CHRIS HAYES: In a new cover story for New York Magazine, Writer Jonathan Chait argues we have not allowed ourselves to consider the full range of possibilities. Chait lays out what could be considered the worst-case scenario for Trump-Russia collusion, that Donald Trump has been a Russian intelligence asset since 1987. 

 AARON MATÉ: Then there’s Rachel Maddow. I don’t know, take your pick. How about, Putin may use the pee tape and other kompromat to force Trump into withdrawing US troops near Russia. 

RACHEL MADDOW: And here’s the question. Is the new president going to take those troops out? After all the speculation, after all the worry, we are actually about to find out if Russia maybe has something on the new president? We’re about to find out if the new president of our country is going to do what Russia wants once he’s commander-in-chief of the U.S. military starting noon on Friday. What is he going to do with those deployments? 

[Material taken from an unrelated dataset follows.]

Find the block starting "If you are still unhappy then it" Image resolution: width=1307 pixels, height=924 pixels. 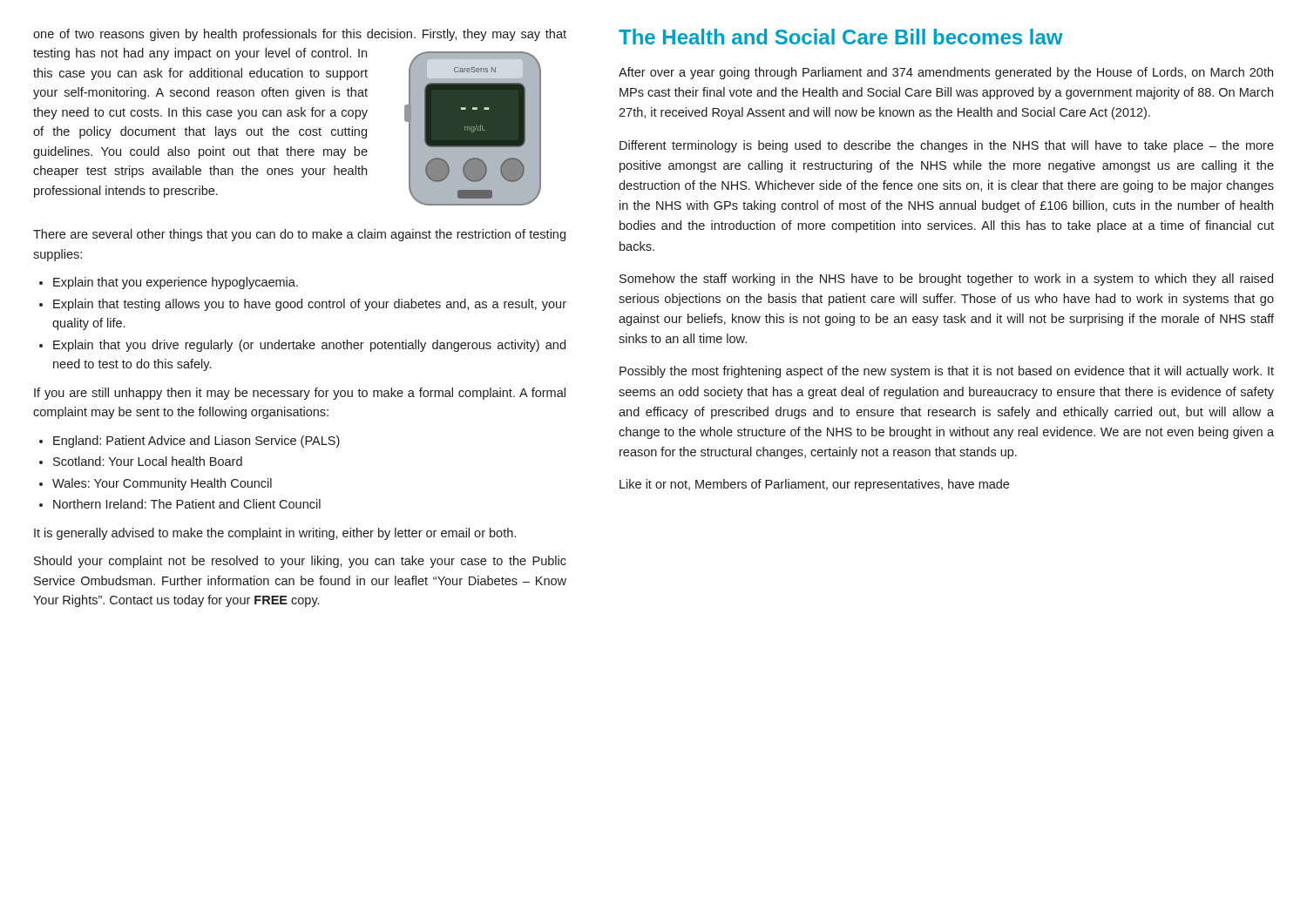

 AARON MATÉ: Trump didn’t withdraw those troops. How about also, Vladimir Putin got Trump to hire Paul Manafort as his campaign manager. 

RACHEL MADDOW: I mean, take the view from Moscow. If you know a guy who needs a presidential campaign manager, how about our friend Paul? Right? From the Russian’s point of view, who would be the better choice to run Donald Trump’s presidential campaign? From our perspective in the United States, Paul Manafort made no sense. Who’s he? From the Russian perspective, he’d be the obvious choice. 

AARON MATÉ: Speaking of hiring decisions, there was also Vladimir Putin getting Trump to hire Rex Tillerson as Secretary of State. 

RACHEL MADDOW: Rex Tillerson – who Donald Trump had never met, had never had anything to do with before, had never laid eyes on before. How did Rex Tillerson get that job? He must have come very highly recommended – by someone. [MSNBC screen shows Putin with Tillerson]. 

AARON MATÉ: By the way, when Trump later fired Rex Tillerson, Maddow blamed that on Putin as well. So you get the picture. Lawrence O’Donnell’s story was not MSNBC’s first glaring error. Before this one, there was just no accountability for them. But the biggest problem here is not that these stories are embarrassing the cable news hosts and pundits who promote them. The Trump- Russia conspiracy theory has degraded journalism, and seriously undermining the actual resistance to Donald Trump.

Aaron's just providing an overview and that's already an indictment.  There is no news on MSNBC.  There are no standards. But talk show hosts think they can get away with pretending to be journalists  "and," as the Shangri-Las once said, "that's called sad."